Circadian regulation of ion dynamics and ageing: implications for the rhythmic proteome.

离子动力学和衰老的昼夜节律调节：对节律蛋白质组的影响。

• 批准号: 510582209
• 负责人: Dr. Alessandra Stangherlin
• 金额: --
• 依托单位: Cluster of Excellence: Cellular Stress Responses in Aging-Associated Diseases
• 依托单位国家: 德国
• 项目类别: Research Grants
• 资助国家: 德国
• 项目状态: 未结题
• 来源: https://gepris.dfg.de/gepris/projekt/510582209?language=en
• 关键词: Circadian; regulation; ion; dynamics; ageing

An endogenous clock organises organismal physiology and behaviour into 24-hour (circadian) rhythms, to accommodate the different physiological demands of day and night. The misalignment with the external time, as it occurs with jet lag or nightshift work is associated with an increased risk for diseases such as cancer and diabetes, and premature ageing. Each cell has its own clock, which confers circadian rhythmicity to several cellular processes from DNA replication and mitosis to protein synthesis and degradation. We found that Na+, K+, and, Cl- are rhythmically imported and exported across the plasma membrane to osmotically compensate for daily changes in cytosolic soluble protein abundance. This homeostatic control mechanism prevents the compensatory movement of water that would follow upon variation in macromolecule content and allows the cells to keep their volume constant. Importantly, we found that an intact ion transport system is required to accommodate new protein synthesis. In line with this, the manipulation of the intracellular ionic composition affects the activity of mTORC1, a protein complex that tunes cellular metabolism and growth to nutrient availability, thus preventing protein translation. In this proposal, we aim to further investigate the mechanisms by which the intracellular ionic composition regulates the mTORC1 signalling cascade and protein synthesis and how this remodels the circadian proteome. We will also analyse the contribution of osmolytes and amino acids to the buffering mechanism and how their (rhythmic) abundance links to mTORC1 activity and the partitioning between catabolic and anabolic processes. Finally, our preliminary data suggest that the intracellular abundance of several ions changes between young and old mice. Therefore, we aim to investigate how this osmotic buffering mechanism is affected by age and how this impacts the circadian proteome in vivo. Our findings will reveal fundamental mechanisms that link osmoregulation to mTORC1 activity and proteome remodelling and will have important implications for understanding the pathophysiology of many diseases caused by aberrant protein homeostasis, including ageing.

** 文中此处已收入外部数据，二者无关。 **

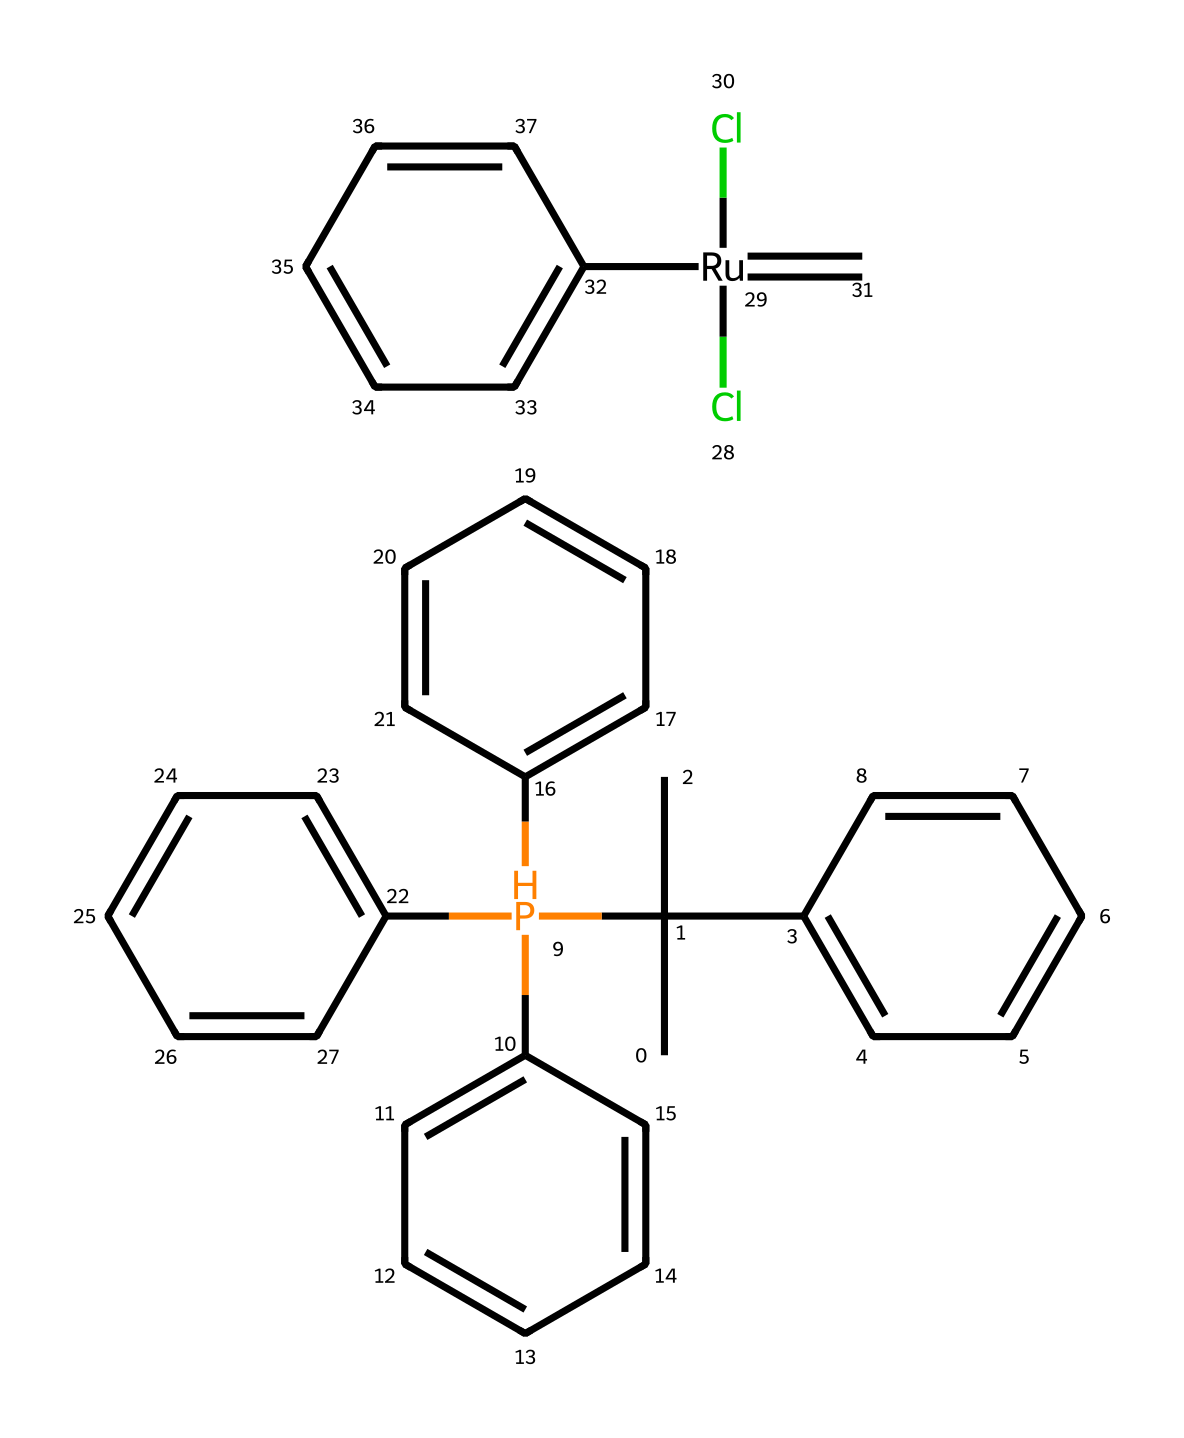What is the central metal in the Grubbs catalyst? The structure contains the element represented by "Ru," which refers to ruthenium, located at the center of the catalyst.
Answer: ruthenium How many aromatic rings are present in the Grubbs catalyst? By examining the structure, there are four distinct benzene rings indicated by the presence of multiple "C" atoms connected in a cyclic manner, showing the characteristic ring structure.
Answer: four What type of reaction is the Grubbs catalyst primarily used for? The Grubbs catalyst is known for catalyzing olefin metathesis reactions, which involves the exchange of alkene pairs.
Answer: olefin metathesis What is the charge of the ruthenium center in this catalyst? The "Cl[Ru](Cl)" portion indicates that the ruthenium is coordinated with chloride ions, which suggests it is in a neutral or +2 oxidation state, commonly found in this type of complex.
Answer: neutral How many chlorine atoms are attached to the ruthenium in this catalyst? Looking at the structure, there are two chloride ions indicated surrounding the ruthenium metal center.
Answer: two What functional groups are attached to the Grubbs catalyst? The catalyst features several phenyl groups and a phosphorus-containing moiety as indicated by the "P" symbol, identifying different functional groups linked to the organometallic framework.
Answer: phenyl and phosphorus What role does phosphorus play in the structure of the Grubbs catalyst? The phosphorus atom serves as a stabilizing ligand, coordinating with the metal center and influencing the reactivity profile of the catalyst during reactions.
Answer: stabilizing ligand

内源性生物钟将生物体的生理和行为组织成24小时（昼夜）节律，以适应白天和黑夜的不同生理需求。时差或夜班工作与外部时间不一致，与癌症和糖尿病等疾病的风险增加以及过早衰老有关。每个细胞都有自己的时钟，它赋予从DNA复制和有丝分裂到蛋白质合成和降解的几个细胞过程昼夜节律。我们发现，Na+，K+，和，Cl-有节奏地进口和出口的质膜，以补偿细胞溶质可溶性蛋白丰度的日常变化。这种稳态控制机制防止了大分子含量变化后水的补偿运动，并允许细胞保持其体积恒定。重要的是，我们发现，一个完整的离子转运系统是必需的，以适应新的蛋白质合成。与此一致，细胞内离子组成的操纵影响mTORC 1的活性，mTORC 1是一种蛋白质复合物，可调节细胞代谢和生长以获得营养，从而阻止蛋白质翻译。在这个提议中，我们的目标是进一步研究细胞内离子组成调节mTORC 1信号级联和蛋白质合成的机制，以及如何重塑昼夜蛋白质组。我们还将分析渗透调节剂和氨基酸对缓冲机制的贡献，以及它们的（节律性）丰度如何与mTORC 1活性以及分解代谢和合成代谢过程之间的分配联系起来。最后，我们的初步数据表明，几种离子的细胞内丰度的变化之间的年轻和老年小鼠。因此，我们的目的是研究这种渗透缓冲机制是如何受到年龄的影响，以及这如何影响体内的昼夜蛋白质组。我们的研究结果将揭示mTORC 1活性和蛋白质组重构的基本机制，并将对理解异常蛋白质稳态引起的许多疾病的病理生理学具有重要意义，包括衰老。